▸ Records supplied:
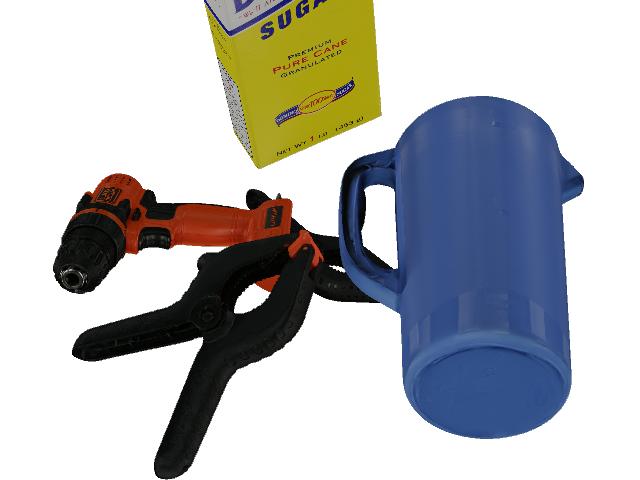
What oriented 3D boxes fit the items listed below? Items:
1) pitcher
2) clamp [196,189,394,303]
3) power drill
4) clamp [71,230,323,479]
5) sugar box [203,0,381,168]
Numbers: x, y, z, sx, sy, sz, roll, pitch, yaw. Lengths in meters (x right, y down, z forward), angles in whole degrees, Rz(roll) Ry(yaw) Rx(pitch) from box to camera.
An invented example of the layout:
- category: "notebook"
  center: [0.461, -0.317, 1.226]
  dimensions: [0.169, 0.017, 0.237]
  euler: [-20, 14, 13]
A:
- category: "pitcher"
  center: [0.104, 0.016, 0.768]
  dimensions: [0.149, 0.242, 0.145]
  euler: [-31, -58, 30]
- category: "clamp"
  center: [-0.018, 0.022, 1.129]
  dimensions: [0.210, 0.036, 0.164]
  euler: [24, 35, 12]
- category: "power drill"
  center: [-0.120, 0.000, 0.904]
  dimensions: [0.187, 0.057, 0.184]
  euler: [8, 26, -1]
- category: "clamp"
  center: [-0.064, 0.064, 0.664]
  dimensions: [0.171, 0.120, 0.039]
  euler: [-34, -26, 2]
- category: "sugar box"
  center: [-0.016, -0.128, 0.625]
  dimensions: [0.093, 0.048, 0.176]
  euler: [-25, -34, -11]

---

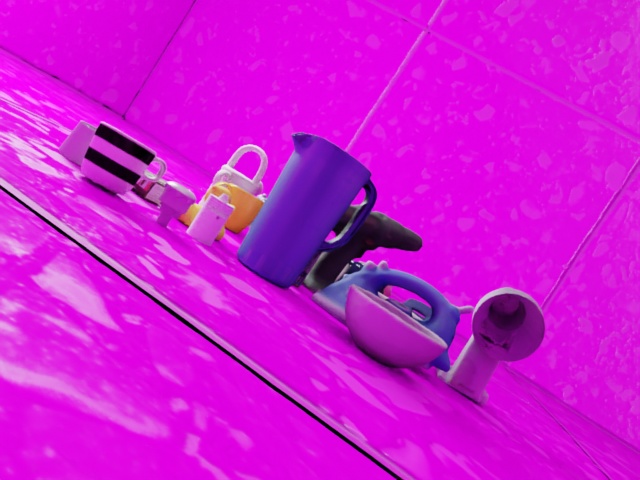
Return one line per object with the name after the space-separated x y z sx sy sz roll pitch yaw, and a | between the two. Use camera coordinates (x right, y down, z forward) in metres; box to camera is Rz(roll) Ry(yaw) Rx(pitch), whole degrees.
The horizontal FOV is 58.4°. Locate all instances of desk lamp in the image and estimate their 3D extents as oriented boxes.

...

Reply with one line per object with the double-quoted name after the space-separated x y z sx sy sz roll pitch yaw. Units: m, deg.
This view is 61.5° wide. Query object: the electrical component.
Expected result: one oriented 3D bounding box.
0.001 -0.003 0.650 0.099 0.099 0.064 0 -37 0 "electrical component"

▸ Problem to work on: The lines above, starting at the one with "What oriented 3D" and ending at the one with "euler: [-20, 14, 13]", are the only ones to return, exactly as written.

▸ Answer to the problem:
What oriented 3D boxes fit the items listed below? Items:
1) pitcher
2) clamp [196,189,394,303]
3) power drill
4) clamp [71,230,323,479]
5) sugar box [203,0,381,168]
Numbers: x, y, z, sx, sy, sz, roll, pitch, yaw. Lengths in meters (x right, y down, z forward), angles in whole degrees, Rz(roll) Ry(yaw) Rx(pitch) from box to camera.
An invented example of the layout:
- category: "notebook"
  center: [0.461, -0.317, 1.226]
  dimensions: [0.169, 0.017, 0.237]
  euler: [-20, 14, 13]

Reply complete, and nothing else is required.